Work task: Check each line below for the word "this", then please report how many lines have it and nothing more.

Data records:
________________________

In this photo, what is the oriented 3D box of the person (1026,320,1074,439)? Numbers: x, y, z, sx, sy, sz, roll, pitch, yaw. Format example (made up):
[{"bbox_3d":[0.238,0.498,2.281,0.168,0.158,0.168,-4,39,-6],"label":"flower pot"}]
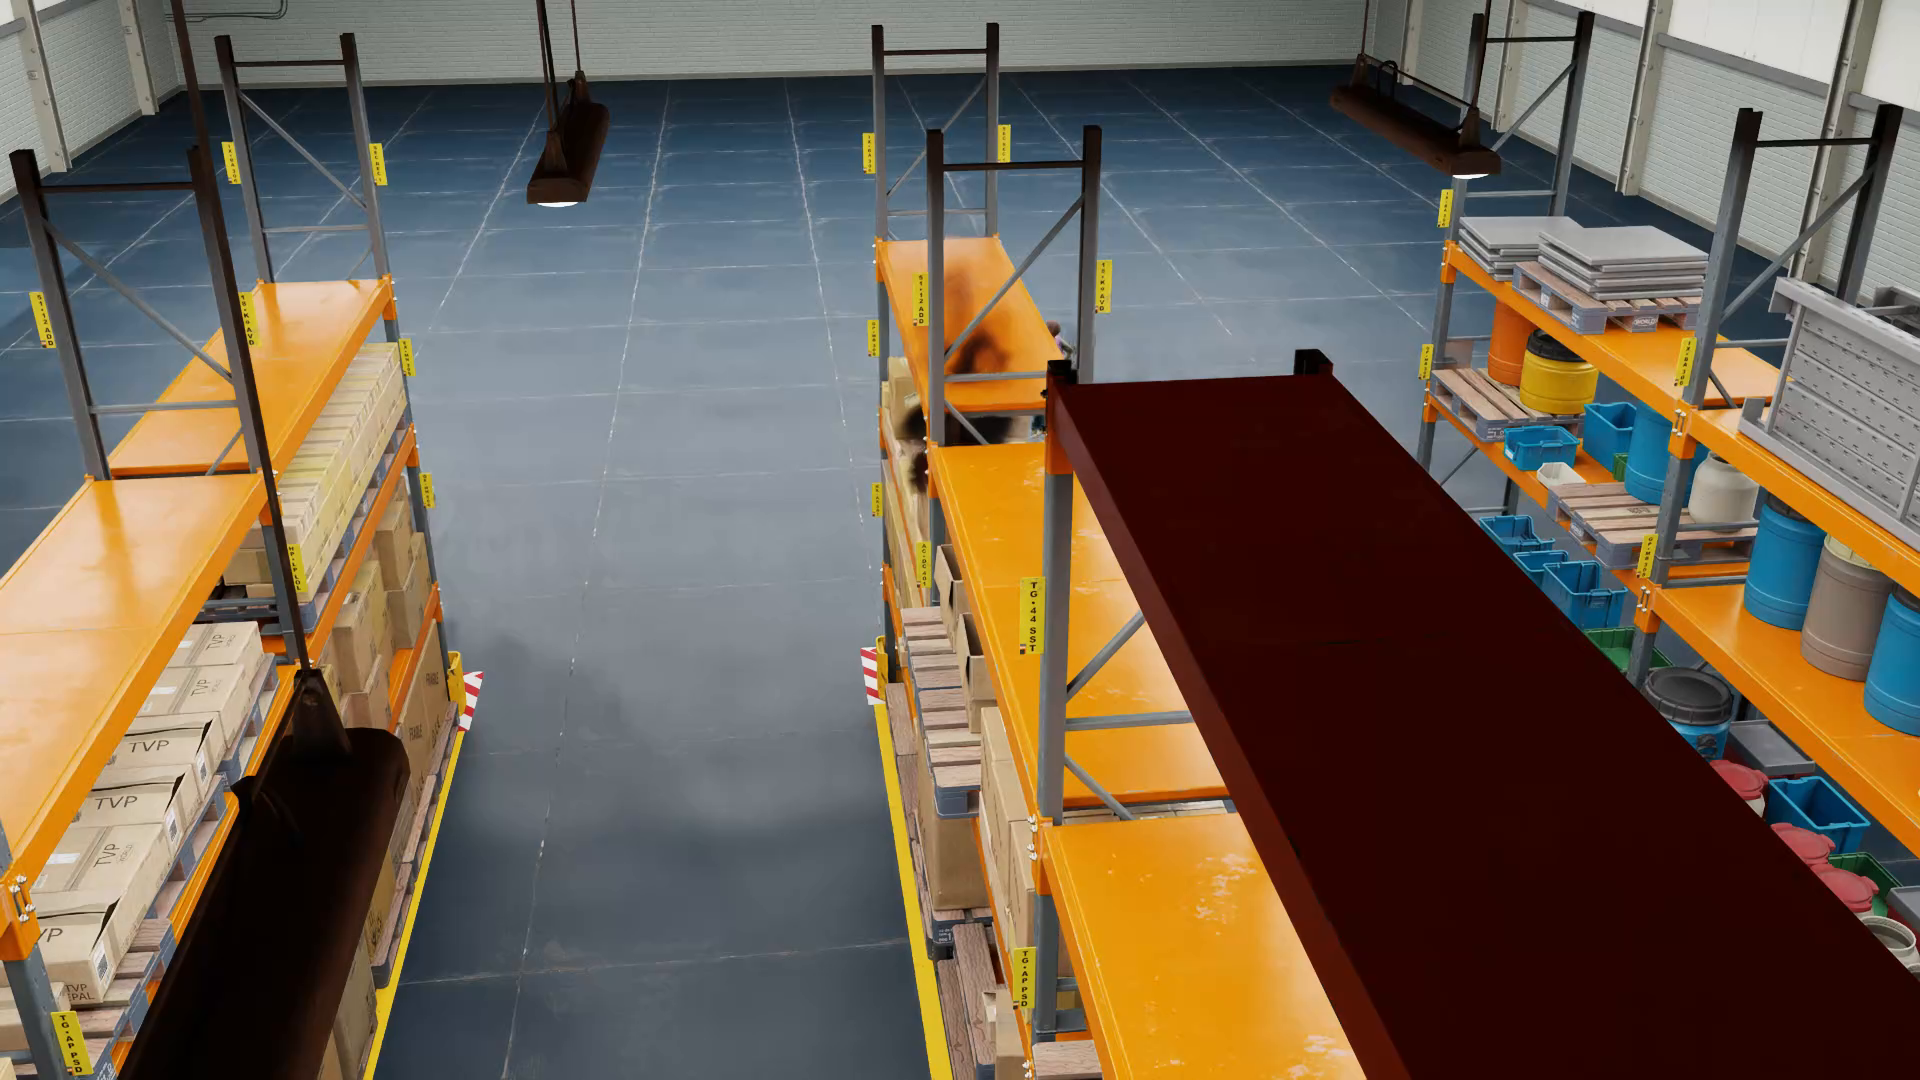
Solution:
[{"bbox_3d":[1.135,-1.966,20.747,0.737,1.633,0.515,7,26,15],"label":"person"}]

________________________

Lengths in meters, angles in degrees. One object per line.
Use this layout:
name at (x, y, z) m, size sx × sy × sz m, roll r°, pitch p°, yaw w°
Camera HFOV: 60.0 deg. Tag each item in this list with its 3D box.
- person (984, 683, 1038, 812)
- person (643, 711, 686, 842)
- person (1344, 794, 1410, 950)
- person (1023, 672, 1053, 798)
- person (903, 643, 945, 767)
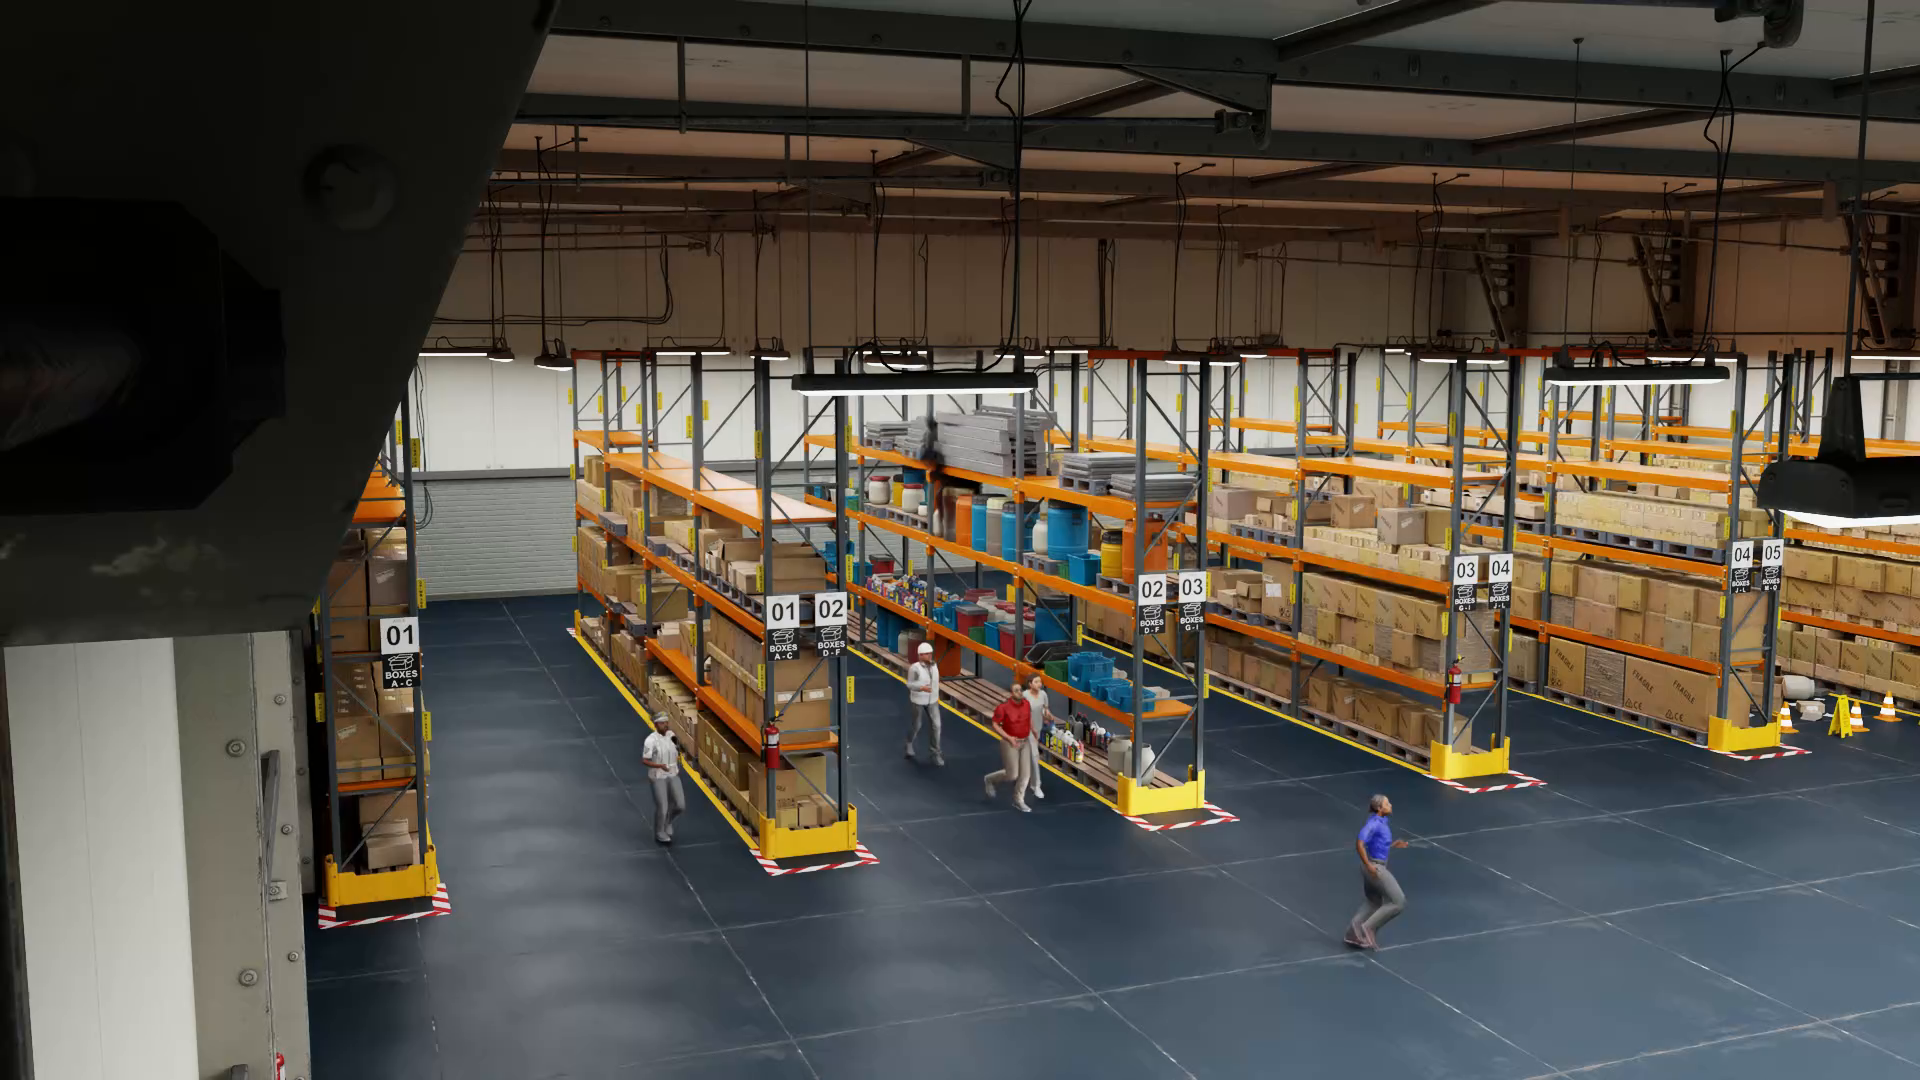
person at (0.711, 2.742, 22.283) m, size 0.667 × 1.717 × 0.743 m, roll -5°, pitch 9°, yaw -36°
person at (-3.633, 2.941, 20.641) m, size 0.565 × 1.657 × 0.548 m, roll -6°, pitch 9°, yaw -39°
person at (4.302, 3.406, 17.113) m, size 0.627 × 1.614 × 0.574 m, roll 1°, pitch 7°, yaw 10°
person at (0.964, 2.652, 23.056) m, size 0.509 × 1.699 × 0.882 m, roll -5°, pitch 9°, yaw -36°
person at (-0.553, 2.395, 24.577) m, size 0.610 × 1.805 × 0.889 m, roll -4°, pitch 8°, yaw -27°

________________________

Answer space: 3